Exercise prompt: If a line in the data holds the string "than", list it.

Entries taken from a collection:
- - - -
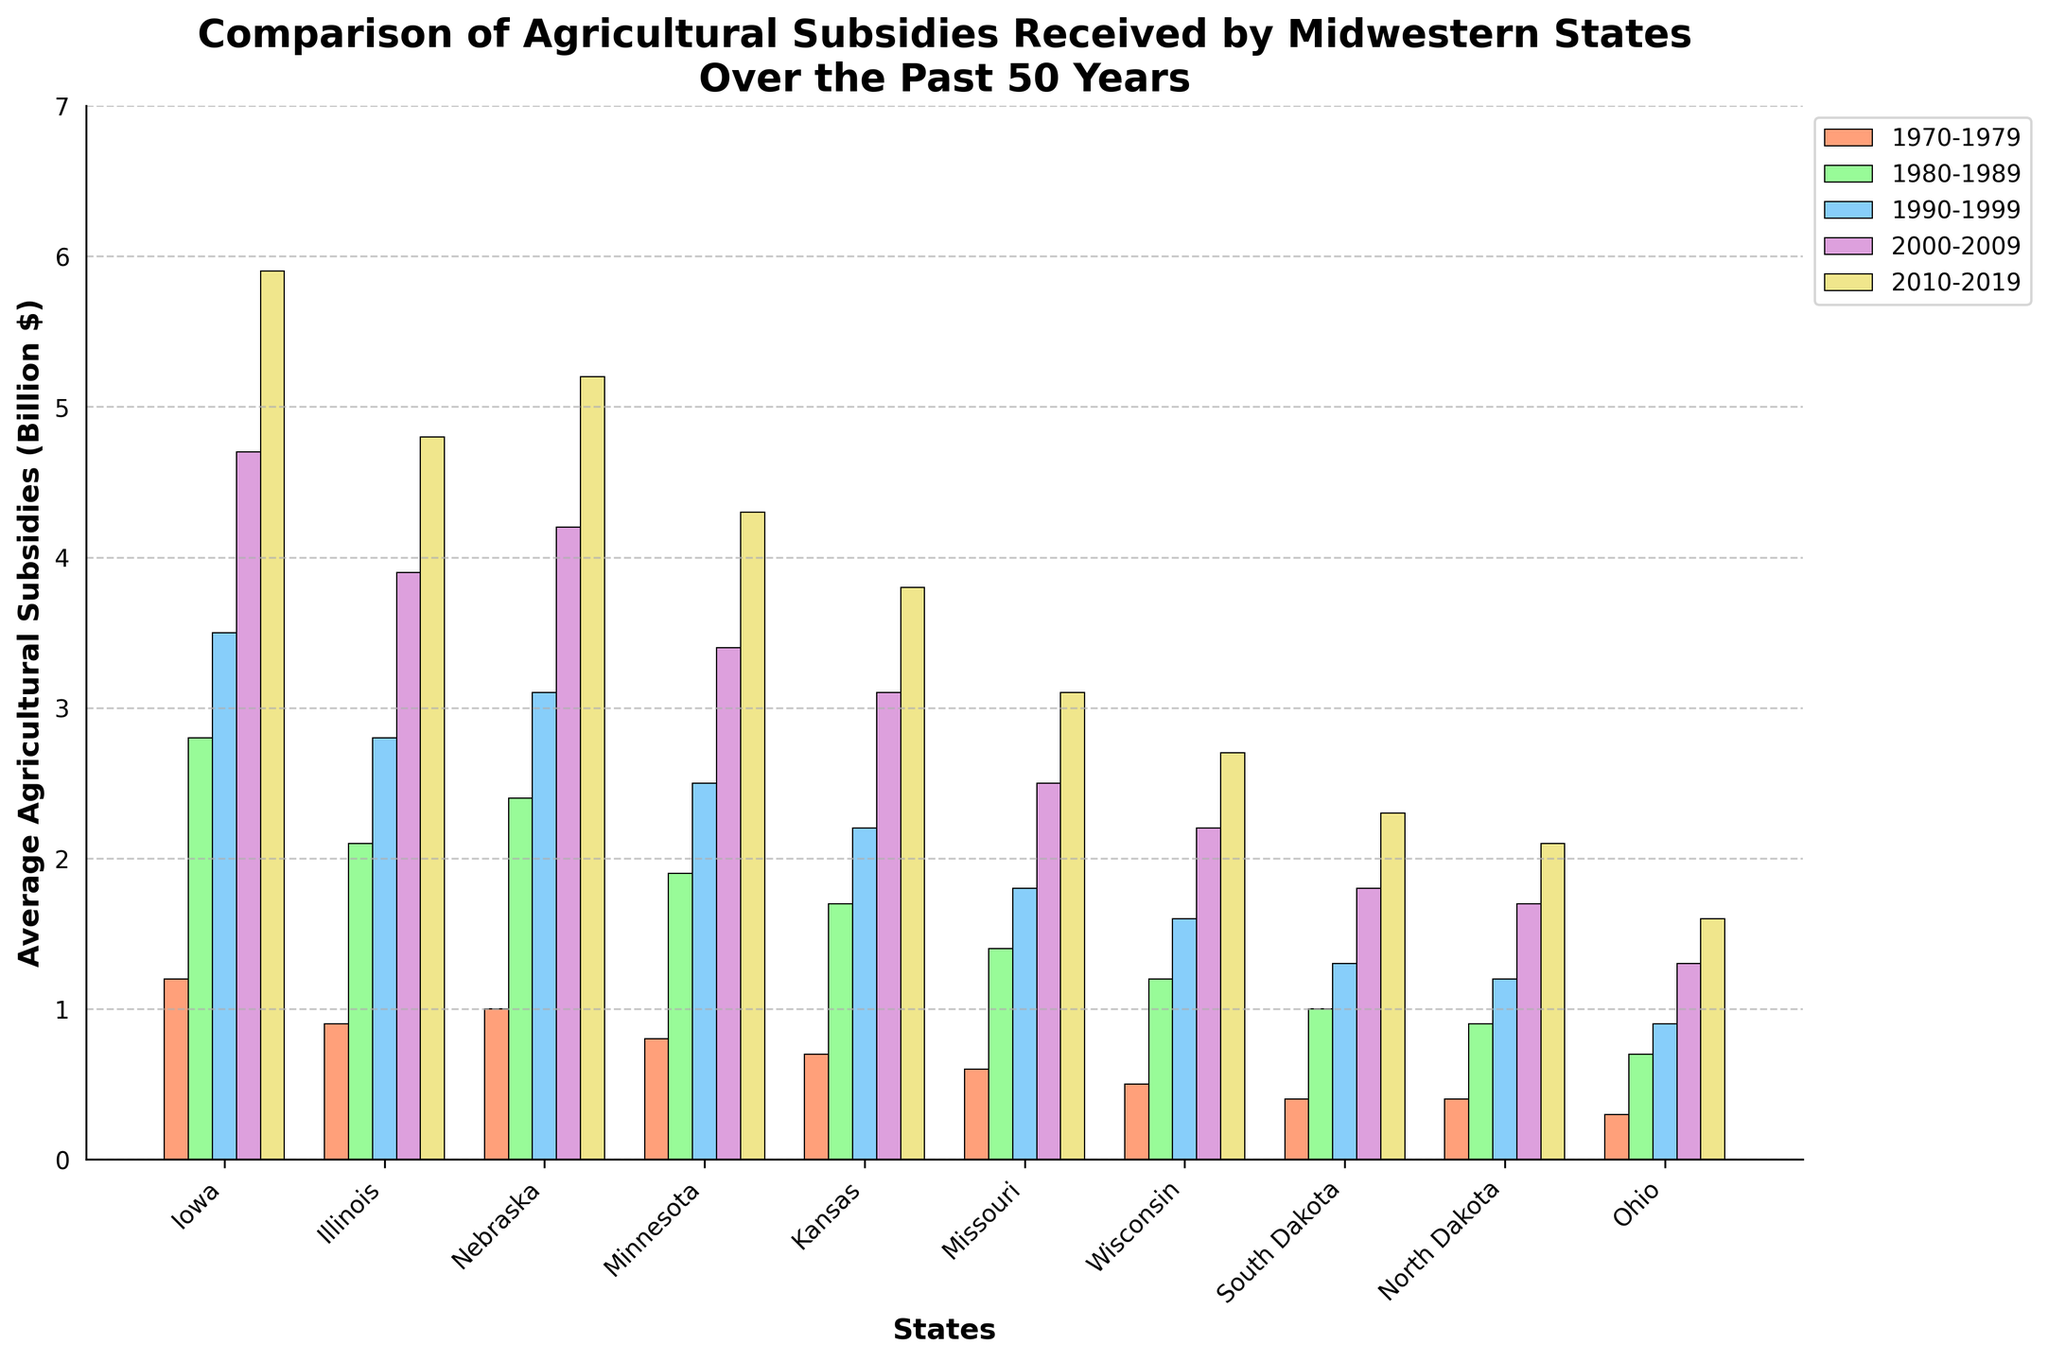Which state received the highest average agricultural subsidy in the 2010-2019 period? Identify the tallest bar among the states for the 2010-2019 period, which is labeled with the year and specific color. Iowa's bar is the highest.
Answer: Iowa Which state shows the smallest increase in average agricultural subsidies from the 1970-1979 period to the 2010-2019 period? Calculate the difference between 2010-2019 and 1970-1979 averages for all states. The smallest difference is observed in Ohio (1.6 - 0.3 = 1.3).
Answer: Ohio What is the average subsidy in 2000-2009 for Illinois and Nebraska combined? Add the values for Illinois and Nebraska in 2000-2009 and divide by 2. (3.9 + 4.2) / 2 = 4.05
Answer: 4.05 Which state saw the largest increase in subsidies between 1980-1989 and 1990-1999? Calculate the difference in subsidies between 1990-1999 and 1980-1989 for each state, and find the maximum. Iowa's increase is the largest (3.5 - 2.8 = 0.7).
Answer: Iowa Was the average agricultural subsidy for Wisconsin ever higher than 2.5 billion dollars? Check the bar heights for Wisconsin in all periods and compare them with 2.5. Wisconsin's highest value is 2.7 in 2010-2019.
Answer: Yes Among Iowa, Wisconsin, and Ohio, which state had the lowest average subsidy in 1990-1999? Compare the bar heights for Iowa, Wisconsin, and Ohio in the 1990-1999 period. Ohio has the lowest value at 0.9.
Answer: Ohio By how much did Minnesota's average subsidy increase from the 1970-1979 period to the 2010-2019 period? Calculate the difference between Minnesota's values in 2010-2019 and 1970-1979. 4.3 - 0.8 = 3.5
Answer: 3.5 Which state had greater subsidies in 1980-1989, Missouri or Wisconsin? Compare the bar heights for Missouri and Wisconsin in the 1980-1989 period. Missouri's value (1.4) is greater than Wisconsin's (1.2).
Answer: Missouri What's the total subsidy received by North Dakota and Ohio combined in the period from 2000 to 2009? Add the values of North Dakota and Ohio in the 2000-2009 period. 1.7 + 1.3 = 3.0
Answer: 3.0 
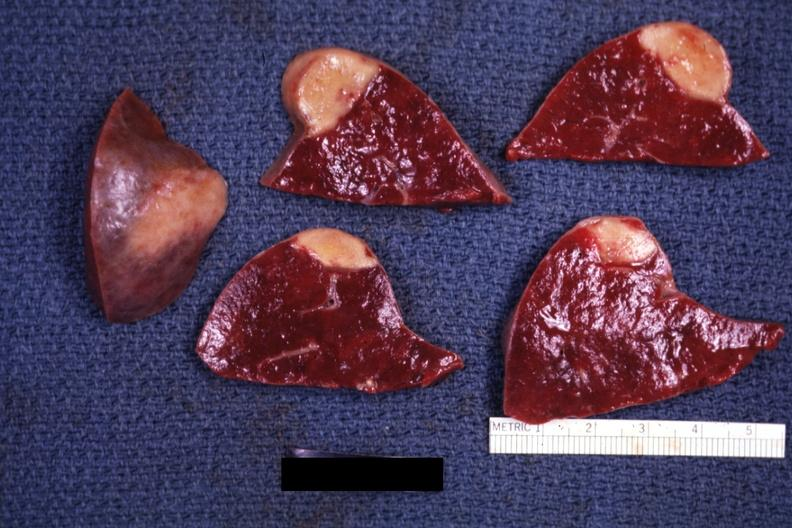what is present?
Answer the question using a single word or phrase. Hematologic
- - - -
Answer space:
Answer: Iowa Was the average agricultural subsidy for Wisconsin ever higher than 2.5 billion dollars? Check the bar heights for Wisconsin in all periods and compare them with 2.5. Wisconsin's highest value is 2.7 in 2010-2019.
Answer: 3.5 Which state had greater subsidies in 1980-1989, Missouri or Wisconsin? Compare the bar heights for Missouri and Wisconsin in the 1980-1989 period. Missouri's value (1.4) is greater than Wisconsin's (1.2).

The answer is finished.